• STORED DATA:
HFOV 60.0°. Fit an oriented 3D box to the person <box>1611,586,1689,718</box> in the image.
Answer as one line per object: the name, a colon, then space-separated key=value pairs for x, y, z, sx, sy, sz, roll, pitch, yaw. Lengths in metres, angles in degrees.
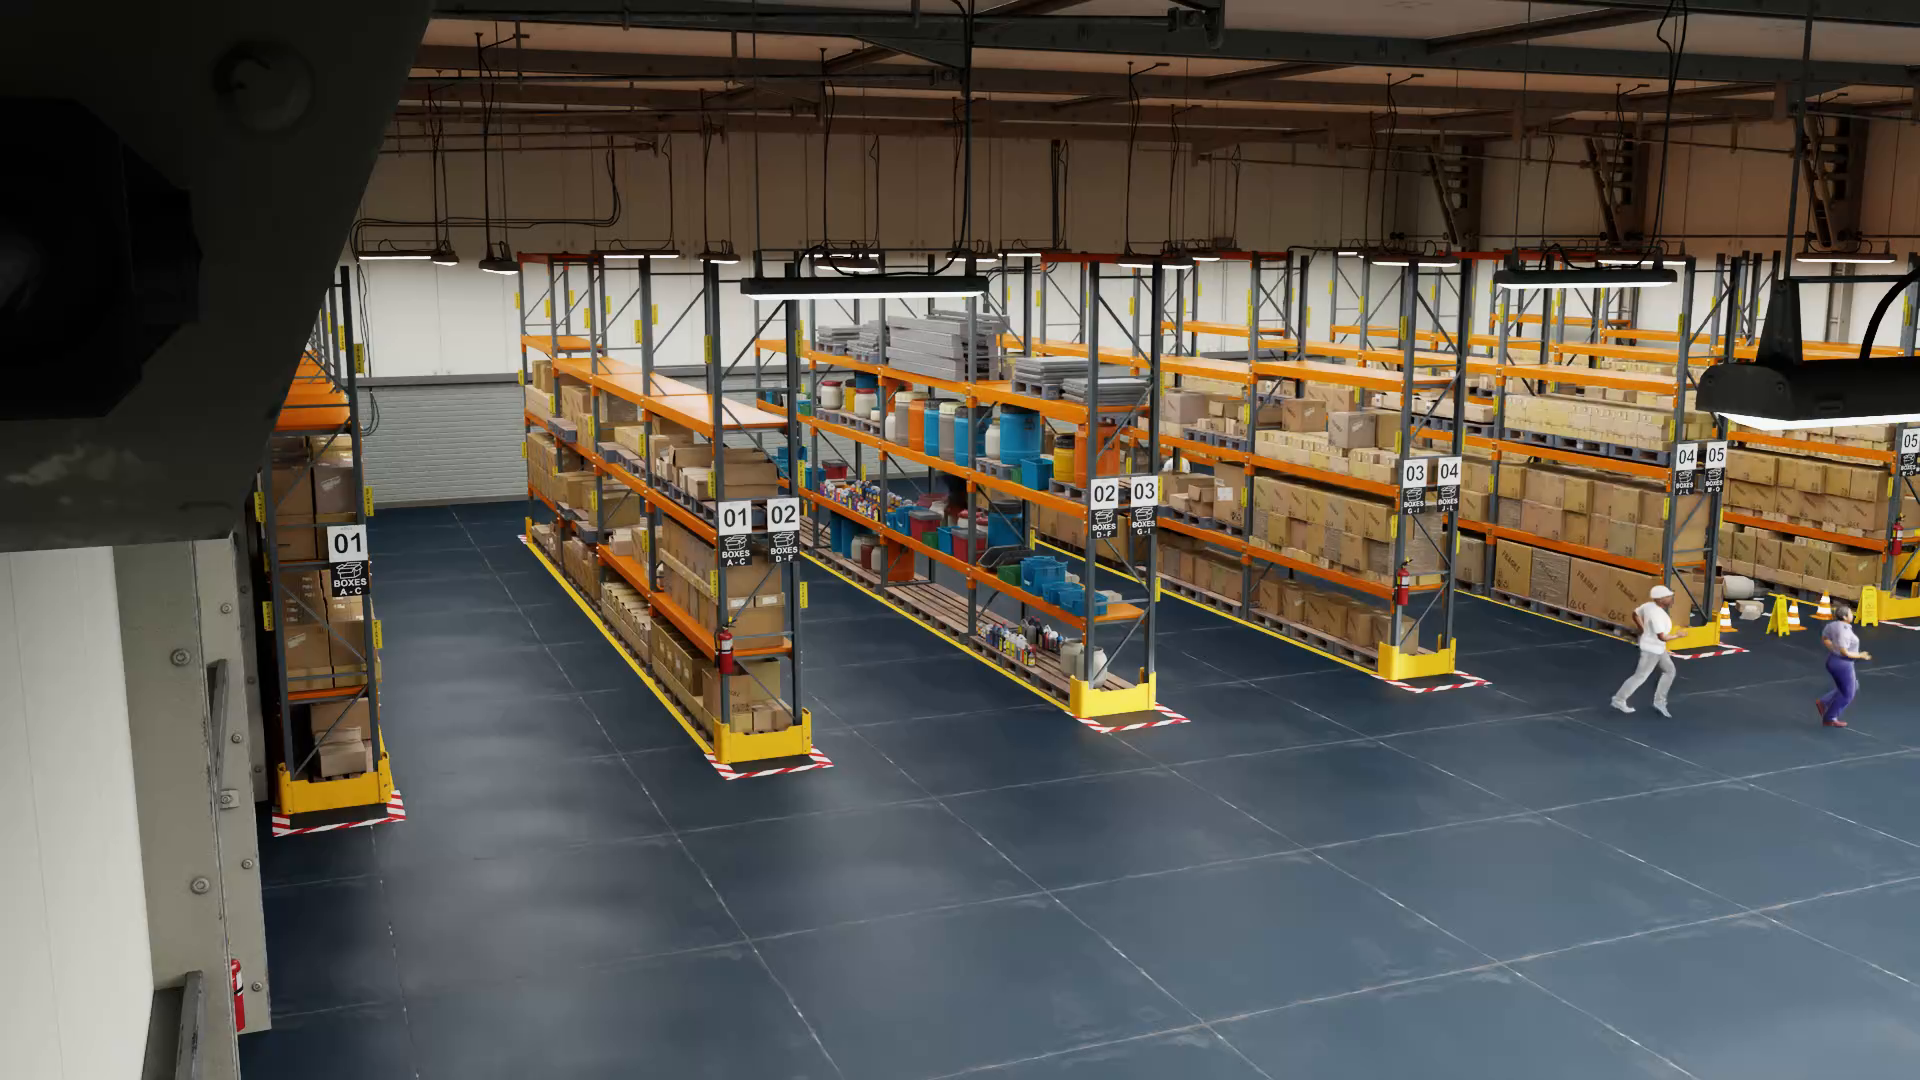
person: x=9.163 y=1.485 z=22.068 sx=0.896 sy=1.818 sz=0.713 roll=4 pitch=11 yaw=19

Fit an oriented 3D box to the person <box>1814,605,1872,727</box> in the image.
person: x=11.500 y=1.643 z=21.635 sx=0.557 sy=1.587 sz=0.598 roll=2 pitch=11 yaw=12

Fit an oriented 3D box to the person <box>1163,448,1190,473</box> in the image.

• WORK ORDER: Without any of the pictures, set the entries down again exactly as written.

• RESULT OF THIS TASK:
HFOV 60.0°. Fit an oriented 3D box to the person <box>1611,586,1689,718</box> in the image.
Answer as one line per object: the name, a colon, then space-separated key=value pairs for x, y, z, sx, sy, sz, roll, pitch, yaw. Lengths in metres, angles in degrees.
person: x=9.163 y=1.485 z=22.068 sx=0.896 sy=1.818 sz=0.713 roll=4 pitch=11 yaw=19

Fit an oriented 3D box to the person <box>1814,605,1872,727</box> in the image.
person: x=11.500 y=1.643 z=21.635 sx=0.557 sy=1.587 sz=0.598 roll=2 pitch=11 yaw=12

Fit an oriented 3D box to the person <box>1163,448,1190,473</box> in the image.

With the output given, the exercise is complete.